Among our study's limitations are its reliance on modelled air pollution levels at 1 × 1 km resolution, which will have led to imperfect exposure classification especially for the more spatially-varying pollutants such as NO₂. However, this is the optimally best available data to construct the proxy of life-long exposure to studied air pollution among more than 13 thousands children who reside across the UK. Although we cannot exclude the possibility of misclassification of air pollution exposure, any misclassification would be nondifferential, moving the effect estimates toward the null. In that sense, our estimates of air pollution impacts could be underestimated. Moreover, changes in pollutant modelling methods over time meant that we were unable to analyse changes in cognitive ability specifically in relation to changes in pollutant concentrations (confining analyses instead to spatial differences in cumulative lifetime exposure from birth). We also were unable to construct estimates of prenatal exposure, which is a gap as prenatal exposure may be relatively important for cognitive development (Harris et al 2015, Porta et al 2016). Furthermore, we did not have data on other potentially important environmental factors including green space (Dadvand et al 2015, 2017, 2018), noise (Sunyer et al 2015) and indoor air quality and/or dampness (Sunyer et al 2015, Midouhas et al 2018). Aircraft noise has been shown to be associated with impaired cognitive development of school-aged children (Stansfeld et al 2005) and it is likely other forms of environmental noise would also be detrimental. Finally, the current paper describes limited sensitivity analysis, apart from exploration of two sets of covariates in a minimum adjusted model and a further adjusted model by crucial individual and family determinants with relaxed concerns of collinearity based on the empirical evidence (Chowdry et al 2010), and examination of the potential (but less likely to impact extensively, given marginal environmental impacts in general) effect modification (not reported). Further model identification to disentangle complicated individual, social and environmental factors is expected (Zivin and Neidell 2013, Zhang et al 2018).

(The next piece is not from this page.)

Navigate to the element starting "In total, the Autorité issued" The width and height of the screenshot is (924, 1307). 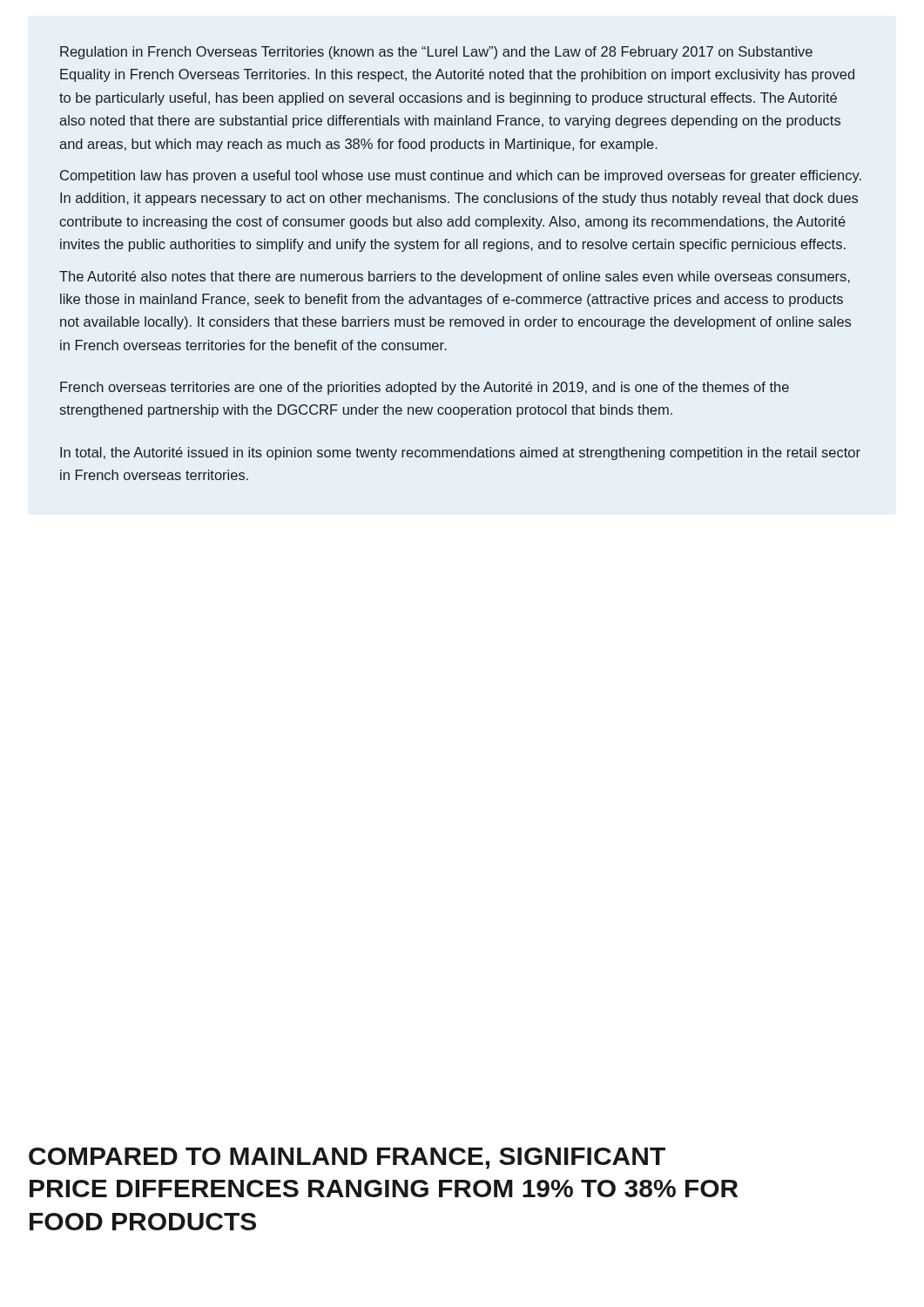(462, 464)
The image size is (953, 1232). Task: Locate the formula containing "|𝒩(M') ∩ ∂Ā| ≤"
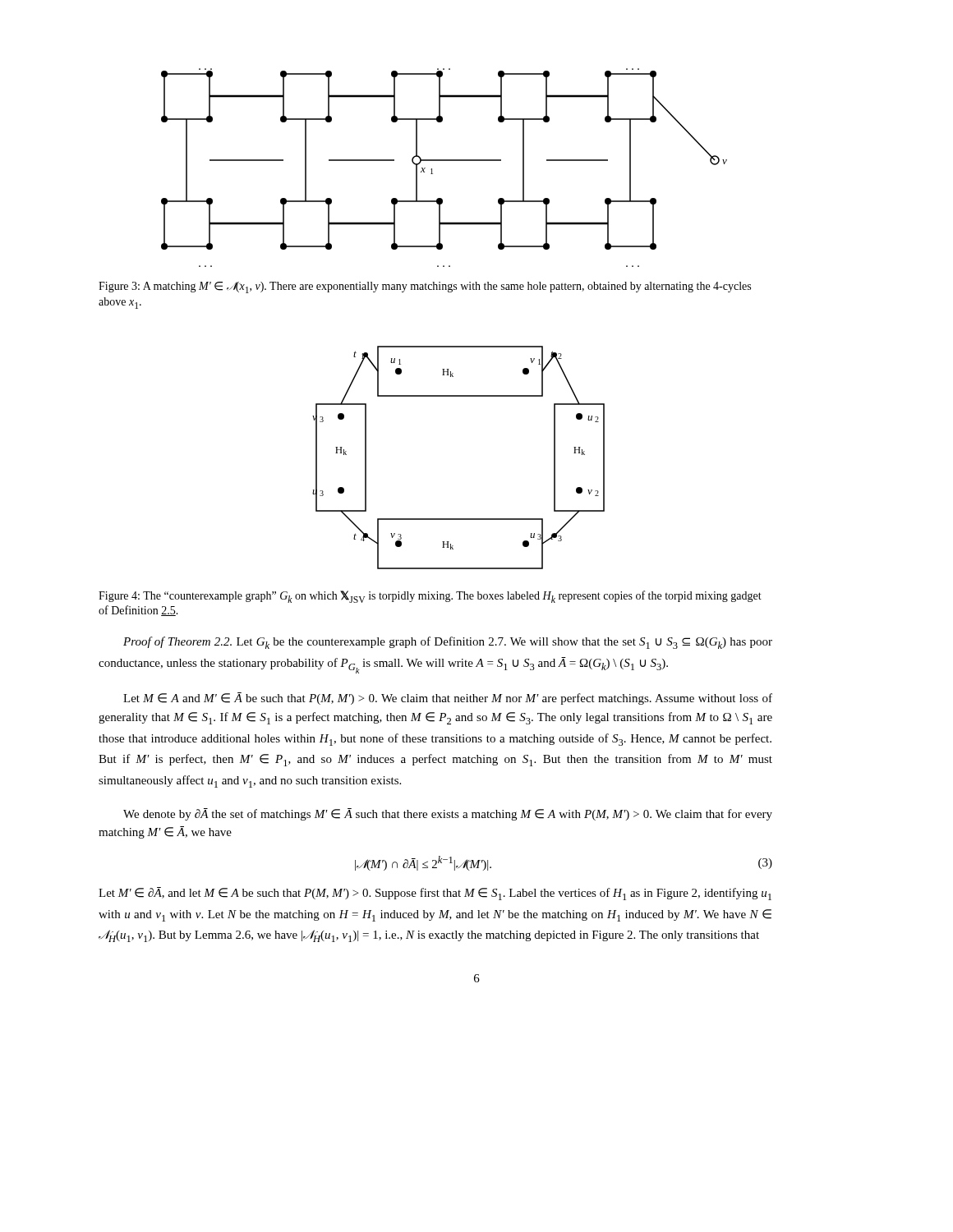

In conclusion, our results provide further but mixed evidence for the detrimental impact on air pollutants on cognitive development in early childhood, which is broadly consistent with other published research and mechanistic evidence. It adds to the weight to calls for policy action to reduce air pollution exposure, especially for vulnerable groups such as children, but further work is needed to characterize risks with greater certainty, including in relation to specific pollutants and the critical periods of exposure.